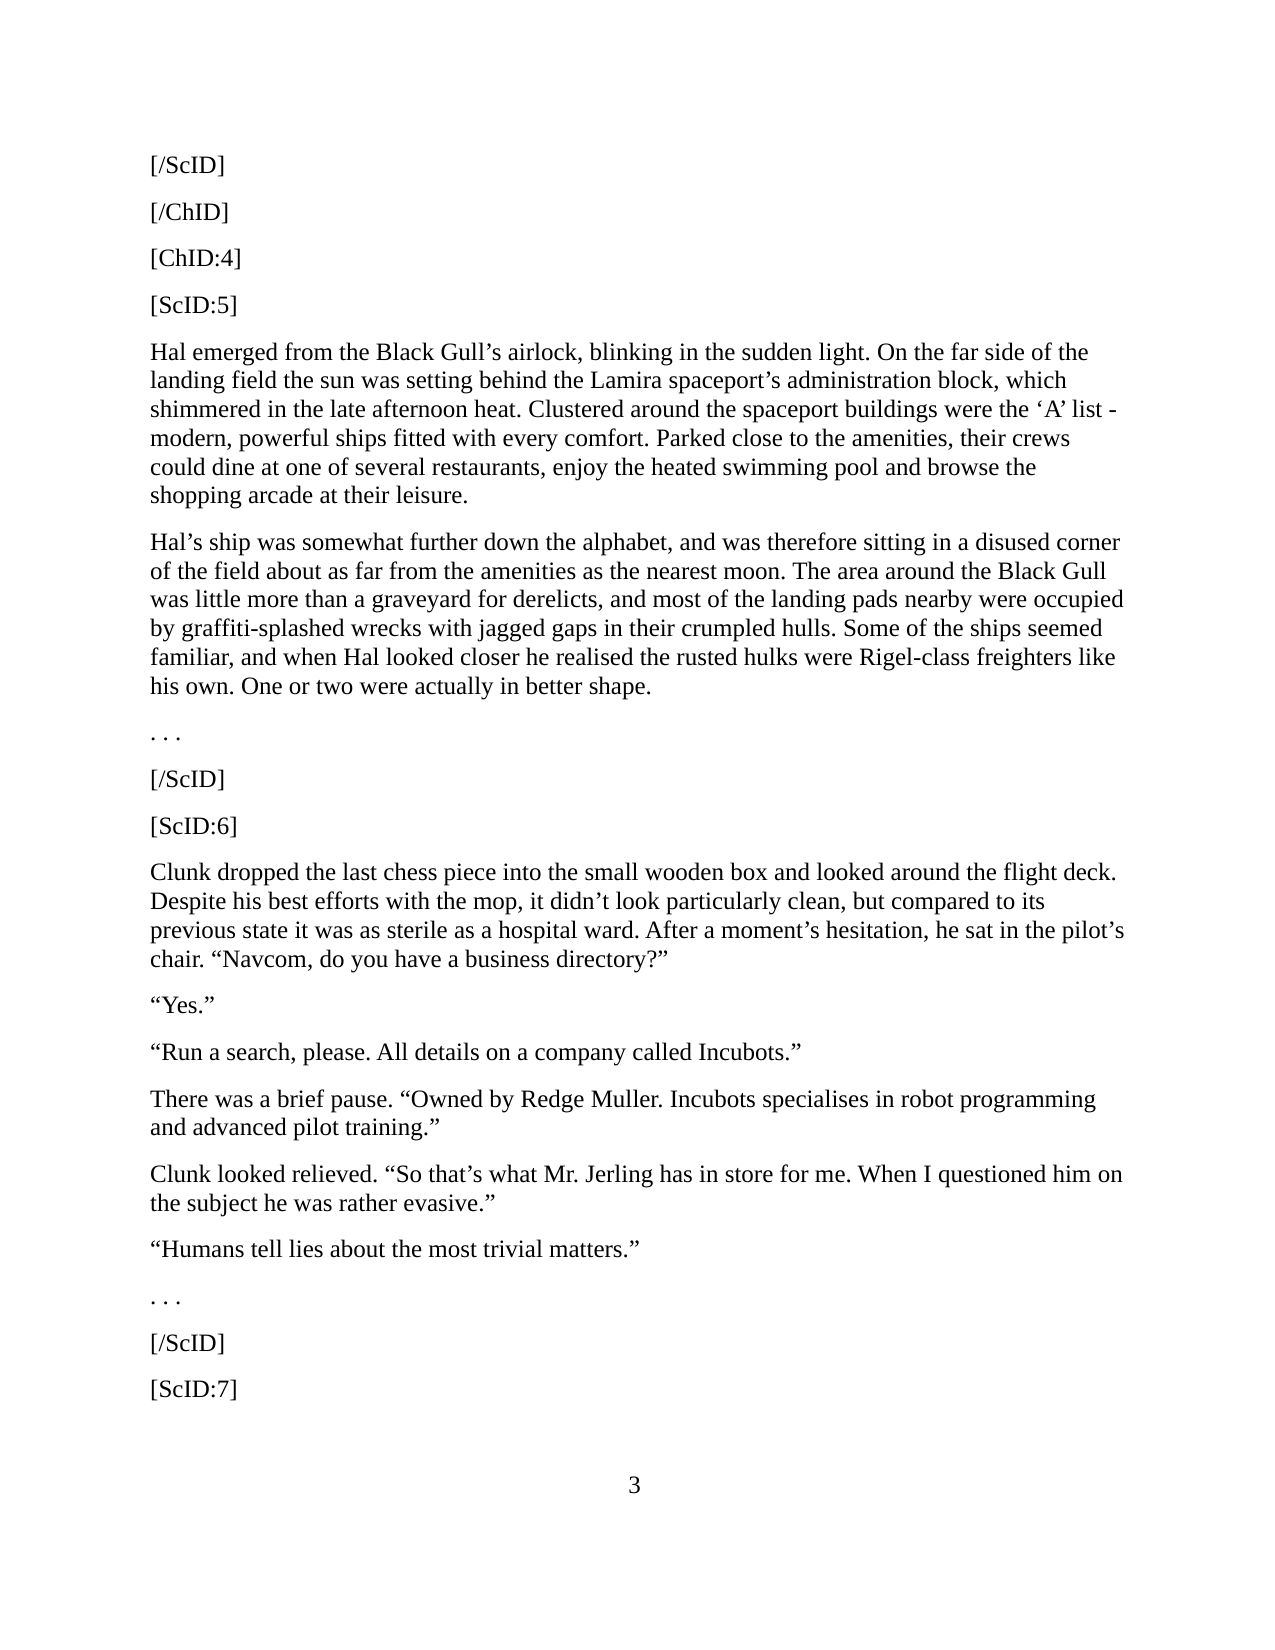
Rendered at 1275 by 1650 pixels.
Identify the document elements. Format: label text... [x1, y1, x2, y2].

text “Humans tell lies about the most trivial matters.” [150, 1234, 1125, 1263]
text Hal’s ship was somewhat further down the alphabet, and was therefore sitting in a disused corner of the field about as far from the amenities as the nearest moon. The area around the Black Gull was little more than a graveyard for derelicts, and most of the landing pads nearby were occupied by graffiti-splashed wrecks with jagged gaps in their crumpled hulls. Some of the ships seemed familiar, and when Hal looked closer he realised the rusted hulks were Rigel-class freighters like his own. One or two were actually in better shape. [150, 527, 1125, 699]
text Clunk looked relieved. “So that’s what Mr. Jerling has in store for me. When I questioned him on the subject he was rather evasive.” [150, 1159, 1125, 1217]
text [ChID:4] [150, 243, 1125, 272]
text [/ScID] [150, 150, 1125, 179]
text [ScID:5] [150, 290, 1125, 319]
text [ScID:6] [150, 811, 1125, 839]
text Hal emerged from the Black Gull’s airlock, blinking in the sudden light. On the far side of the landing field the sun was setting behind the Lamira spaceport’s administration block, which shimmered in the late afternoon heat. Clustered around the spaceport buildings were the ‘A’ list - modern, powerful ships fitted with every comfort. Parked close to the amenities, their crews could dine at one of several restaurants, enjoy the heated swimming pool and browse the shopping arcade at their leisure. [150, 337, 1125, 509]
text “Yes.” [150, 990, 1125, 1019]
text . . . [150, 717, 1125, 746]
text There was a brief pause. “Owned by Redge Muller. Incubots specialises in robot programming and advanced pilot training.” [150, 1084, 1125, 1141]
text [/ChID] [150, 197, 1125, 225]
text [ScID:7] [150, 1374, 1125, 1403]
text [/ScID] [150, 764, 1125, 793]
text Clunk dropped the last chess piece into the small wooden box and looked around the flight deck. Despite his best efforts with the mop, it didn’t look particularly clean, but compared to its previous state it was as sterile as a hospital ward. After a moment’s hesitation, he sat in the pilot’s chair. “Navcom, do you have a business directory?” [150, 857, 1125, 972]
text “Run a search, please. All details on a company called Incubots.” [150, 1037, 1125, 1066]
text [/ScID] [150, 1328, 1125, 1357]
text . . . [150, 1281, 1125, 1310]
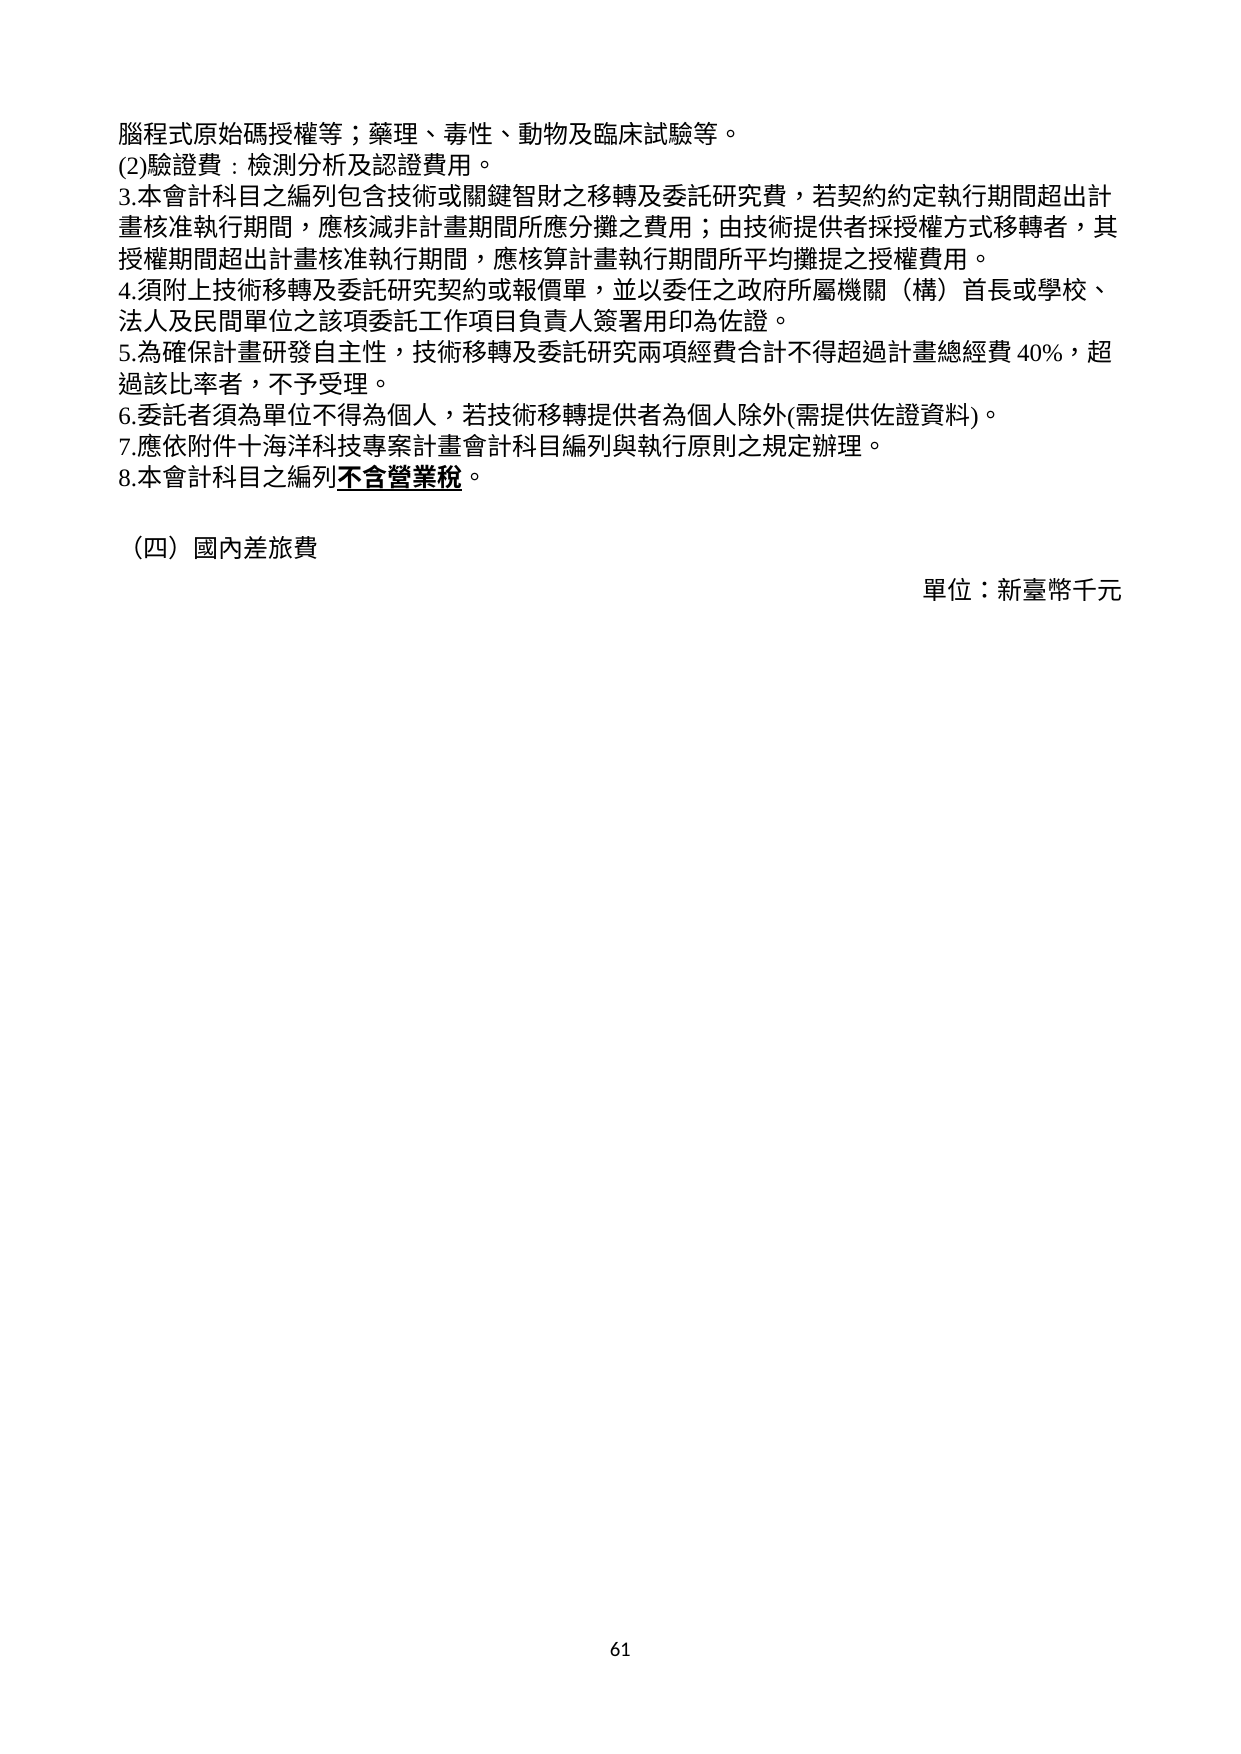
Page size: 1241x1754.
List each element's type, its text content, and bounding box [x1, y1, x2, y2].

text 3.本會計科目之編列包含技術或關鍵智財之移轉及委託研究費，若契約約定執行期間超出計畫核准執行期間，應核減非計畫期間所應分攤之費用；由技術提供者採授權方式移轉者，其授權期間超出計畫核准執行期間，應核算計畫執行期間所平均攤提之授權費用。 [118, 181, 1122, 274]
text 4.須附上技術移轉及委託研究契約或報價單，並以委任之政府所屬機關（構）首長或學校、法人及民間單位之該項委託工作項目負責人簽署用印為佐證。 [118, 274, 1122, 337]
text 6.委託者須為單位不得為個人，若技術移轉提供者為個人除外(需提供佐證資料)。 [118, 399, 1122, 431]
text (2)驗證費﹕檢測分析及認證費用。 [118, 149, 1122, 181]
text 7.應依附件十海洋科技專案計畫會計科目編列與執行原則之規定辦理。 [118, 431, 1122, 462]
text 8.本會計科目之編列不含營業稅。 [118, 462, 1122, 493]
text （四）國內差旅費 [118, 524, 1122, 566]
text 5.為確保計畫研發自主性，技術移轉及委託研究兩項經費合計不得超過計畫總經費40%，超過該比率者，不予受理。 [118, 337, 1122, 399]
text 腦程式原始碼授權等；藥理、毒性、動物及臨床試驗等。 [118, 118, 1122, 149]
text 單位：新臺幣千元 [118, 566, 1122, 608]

------------------------------------------------------------

Within the material above, only the stretch from the line holding "text Hal emerged" through the line holding "text (2)驗證費﹕檢測分析及認證費用。 [118, 149, 1122, 181]" is to be restated exactly. Pictures are dropped.

• Response to the task
text Hal emerged from the Black Gull’s airlock, blinking in the sudden light. On the far side of the landing field the sun was setting behind the Lamira spaceport’s administration block, which shimmered in the late afternoon heat. Clustered around the spaceport buildings were the ‘A’ list - modern, powerful ships fitted with every comfort. Parked close to the amenities, their crews could dine at one of several restaurants, enjoy the heated swimming pool and browse the shopping arcade at their leisure. [150, 337, 1125, 509]
text “Yes.” [150, 990, 1125, 1019]
text . . . [150, 717, 1125, 746]
text There was a brief pause. “Owned by Redge Muller. Incubots specialises in robot programming and advanced pilot training.” [150, 1084, 1125, 1141]
text [/ChID] [150, 197, 1125, 225]
text [ScID:7] [150, 1374, 1125, 1403]
text [/ScID] [150, 764, 1125, 793]
text Clunk dropped the last chess piece into the small wooden box and looked around the flight deck. Despite his best efforts with the mop, it didn’t look particularly clean, but compared to its previous state it was as sterile as a hospital ward. After a moment’s hesitation, he sat in the pilot’s chair. “Navcom, do you have a business directory?” [150, 857, 1125, 972]
text “Run a search, please. All details on a company called Incubots.” [150, 1037, 1125, 1066]
text [/ScID] [150, 1328, 1125, 1357]
text . . . [150, 1281, 1125, 1310]
Page size: 1241x1754.
List each element's type, its text content, and bounding box [x1, y1, x2, y2].

text 3.本會計科目之編列包含技術或關鍵智財之移轉及委託研究費，若契約約定執行期間超出計畫核准執行期間，應核減非計畫期間所應分攤之費用；由技術提供者採授權方式移轉者，其授權期間超出計畫核准執行期間，應核算計畫執行期間所平均攤提之授權費用。 [118, 181, 1122, 274]
text 4.須附上技術移轉及委託研究契約或報價單，並以委任之政府所屬機關（構）首長或學校、法人及民間單位之該項委託工作項目負責人簽署用印為佐證。 [118, 274, 1122, 337]
text 6.委託者須為單位不得為個人，若技術移轉提供者為個人除外(需提供佐證資料)。 [118, 399, 1122, 431]
text (2)驗證費﹕檢測分析及認證費用。 [118, 149, 1122, 181]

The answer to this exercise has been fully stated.